== Segment start ==

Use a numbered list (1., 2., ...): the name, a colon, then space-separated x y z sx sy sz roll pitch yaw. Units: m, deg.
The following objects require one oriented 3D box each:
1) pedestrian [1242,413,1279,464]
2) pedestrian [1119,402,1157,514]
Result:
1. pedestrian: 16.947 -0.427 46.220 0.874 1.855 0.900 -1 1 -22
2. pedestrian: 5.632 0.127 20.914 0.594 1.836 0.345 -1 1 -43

== Segment end ==

EXERCISE DESCRIPTION - This exercise needs each record retyped exactly as shown.

ANSWER SPACE -
Use a numbered list (1., 2., ...): the name, a colon, then space-separated x y z sx sy sz roll pitch yaw. Units: m, deg.
The following objects require one oriented 3D box each:
1) pedestrian [1242,413,1279,464]
2) pedestrian [1119,402,1157,514]
Result:
1. pedestrian: 16.947 -0.427 46.220 0.874 1.855 0.900 -1 1 -22
2. pedestrian: 5.632 0.127 20.914 0.594 1.836 0.345 -1 1 -43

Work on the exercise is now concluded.